Definition and Implications

Multiple Changes at the Same Position:
- Occurrence of multiple mutations at a single site can introduce errors into phylogenetic analysis since the count of differences does not equal the number of changes conducted at that position.

Sequence Changes vs. Time

Relationship

The correlation between sequence changes and time is curvilinear due to the occurrence of multiple hits.
Corrective measures must be applied to align observed differences with expected differences over time.

Discrete Measures in Phylogenetics

Overview

Discrete measures allow direct comparisons of sequences without converting them into distances, thus avoiding loss of critical data.

Methodologies

Common methods include Maximum Parsimony, Maximum Likelihood, and Bayesian Inference.

Maximum Parsimony (MP)

Characteristics

Nature: Non-parametric with no explicit model of evolution.
Objective: Finds the best tree(s) that require the least number of evolutionary changes to explain the observed data.
Output: Produces cladograms without branch lengths.

Advantages and Disadvantages

Advantages: It is straightforward and quick to compute.
Disadvantages: Exhibits long branch attraction problems, which may bias results.

Maximum Likelihood (ML)

Characteristics

Nature: Parametric, relying on a defined model of evolution.
Objective: Identifies the best tree(s) that have the highest probability given the observed data.
Output: Generates phylograms that include branch lengths representing average probabilities of character changes.

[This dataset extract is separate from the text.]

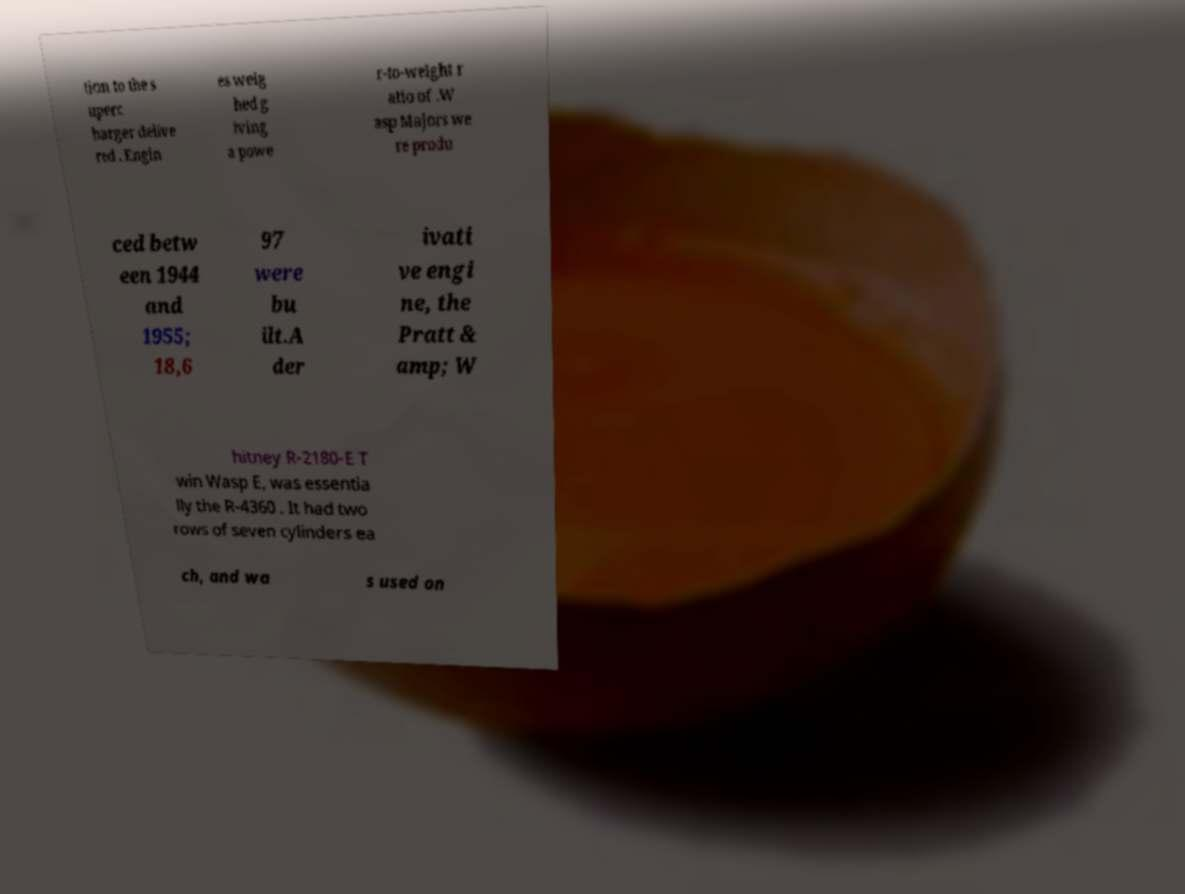Could you assist in decoding the text presented in this image and type it out clearly? tion to the s uperc harger delive red . Engin es weig hed g iving a powe r-to-weight r atio of .W asp Majors we re produ ced betw een 1944 and 1955; 18,6 97 were bu ilt.A der ivati ve engi ne, the Pratt & amp; W hitney R-2180-E T win Wasp E, was essentia lly the R-4360 . It had two rows of seven cylinders ea ch, and wa s used on

Advantages and Limitations

Advantages: Statistically consistent and not significantly affected by long branch attraction.
Limitations: The model of evolution must be correct, and analyses can be computationally intensive, requiring substantial processing time for large datasets.

Probability and Likelihood in Phylogenetics

Definitions

Probability: An absolute measure defined as the ratio of fitting outcomes to the total number of possible outcomes, expressed as:
$P = \frac{n}{N}$
where $n$ is the number of outcomes fitting a criterion and $N$ is the total number of outcomes.
Likelihood: A relative measure used when known outcomes are unknown:
$L = \frac{n}{n + m}$
where $m$ is the number of outcomes that do not fit the criterion.